### WHAT THIS TASK INVOLVES
Please give the records below again in full, exactly, with the images left out.

+ + + +

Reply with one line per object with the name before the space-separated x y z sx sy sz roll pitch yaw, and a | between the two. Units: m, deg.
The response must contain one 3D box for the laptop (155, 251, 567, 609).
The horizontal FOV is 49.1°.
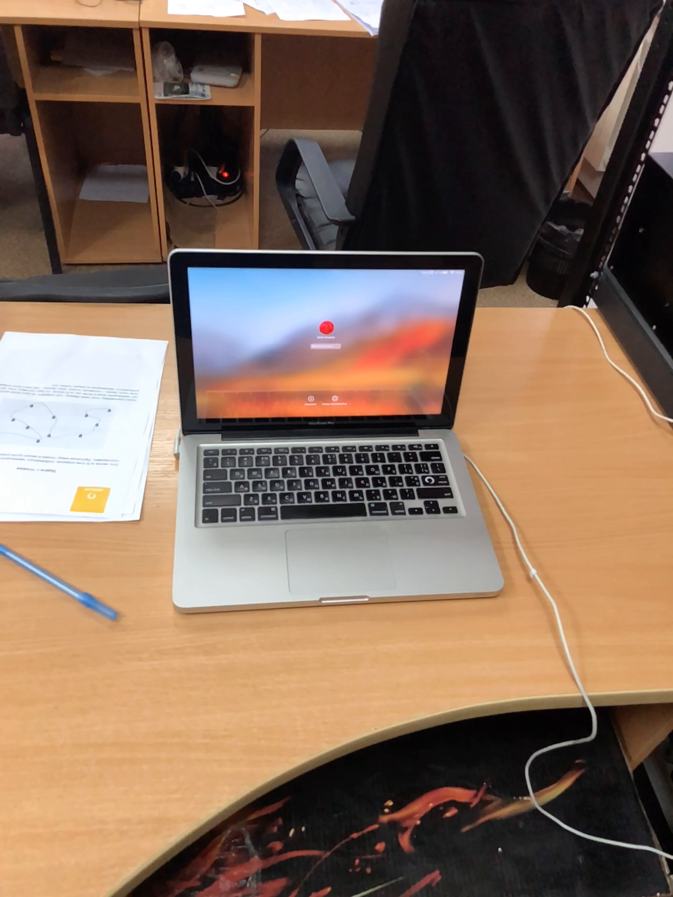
laptop | 0.000 -0.028 0.716 0.315 0.207 0.266 -2 46 -9
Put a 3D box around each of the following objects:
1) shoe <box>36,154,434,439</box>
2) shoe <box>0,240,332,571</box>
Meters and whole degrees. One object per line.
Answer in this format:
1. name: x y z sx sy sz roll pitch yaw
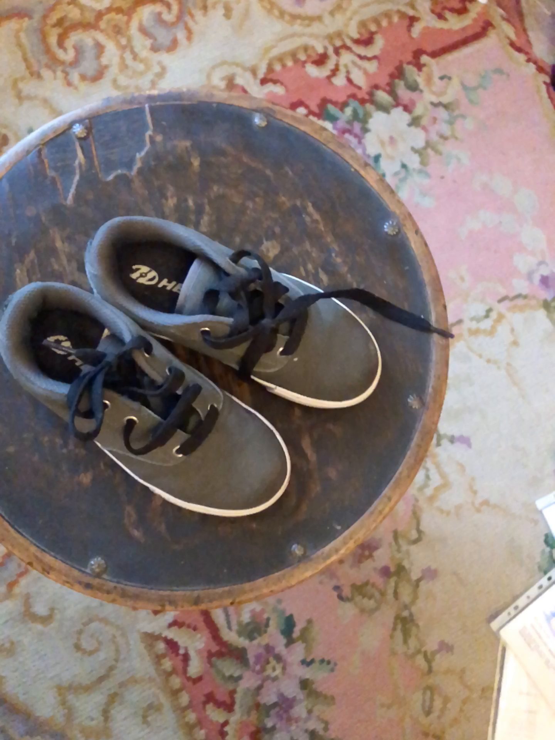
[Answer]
1. shoe: -0.026 -0.038 0.406 0.211 0.100 0.090 23 81 -1
2. shoe: -0.086 0.025 0.398 0.211 0.100 0.090 32 81 0
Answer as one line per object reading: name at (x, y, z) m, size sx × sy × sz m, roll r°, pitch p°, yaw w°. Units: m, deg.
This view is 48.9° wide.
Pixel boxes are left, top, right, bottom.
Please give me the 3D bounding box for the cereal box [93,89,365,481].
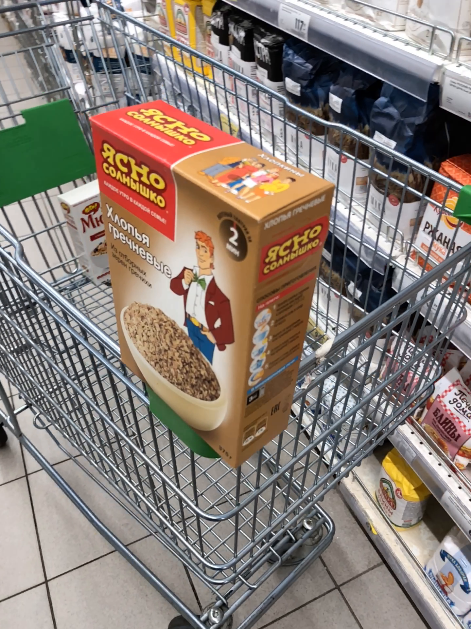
cereal box at (-0.012, -0.014, 0.312) m, size 0.060 × 0.189 × 0.130 m, roll -29°, pitch 50°, yaw -31°
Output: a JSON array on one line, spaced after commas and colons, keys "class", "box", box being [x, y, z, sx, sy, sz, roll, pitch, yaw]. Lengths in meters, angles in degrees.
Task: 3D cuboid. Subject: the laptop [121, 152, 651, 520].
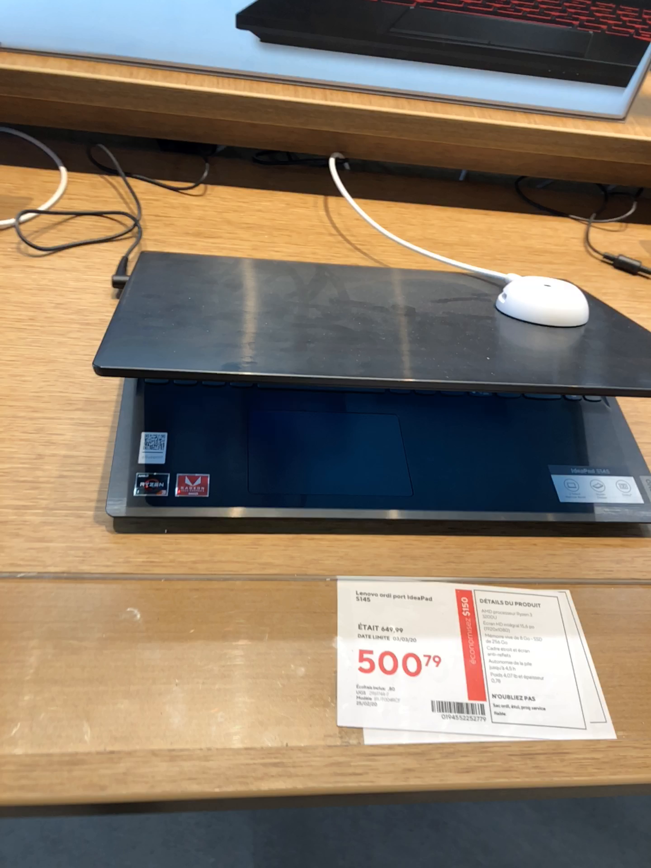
[{"class": "laptop", "box": [0.055, -0.065, 0.464, 0.330, 0.083, 0.224, 2, 51, -12]}]

+ + + +

### ANSWER BELOW
Reply with one line per object with the name before the space-separated x y z sx sy sz roll pitch yaw, and a | between the two. Units: m, deg.
The response must contain one 3D box for the laptop (155, 251, 567, 609).
The horizontal FOV is 49.1°.
laptop | 0.000 -0.028 0.716 0.315 0.207 0.266 -2 46 -9
Put a 3D box around each of the following objects:
1) shoe <box>36,154,434,439</box>
2) shoe <box>0,240,332,571</box>
Meters and whole degrees. One object per line.
Answer in this format:
1. name: x y z sx sy sz roll pitch yaw
[Answer]
1. shoe: -0.026 -0.038 0.406 0.211 0.100 0.090 23 81 -1
2. shoe: -0.086 0.025 0.398 0.211 0.100 0.090 32 81 0
Answer as one line per object reading: name at (x, y, z) m, size sx × sy × sz m, roll r°, pitch p°, yaw w°. Units: m, deg.
This view is 48.9° wide.
Pixel boxes are left, top, right, bottom.
Please give me the 3D bounding box for the cereal box [93,89,365,481].
cereal box at (-0.012, -0.014, 0.312) m, size 0.060 × 0.189 × 0.130 m, roll -29°, pitch 50°, yaw -31°
Output: a JSON array on one line, spaced after commas and colons, keys "class", "box", box being [x, y, z, sx, sy, sz, roll, pitch, yaw]. Lengths in meters, angles in degrees.
Task: 3D cuboid. Subject: the laptop [121, 152, 651, 520].
[{"class": "laptop", "box": [0.055, -0.065, 0.464, 0.330, 0.083, 0.224, 2, 51, -12]}]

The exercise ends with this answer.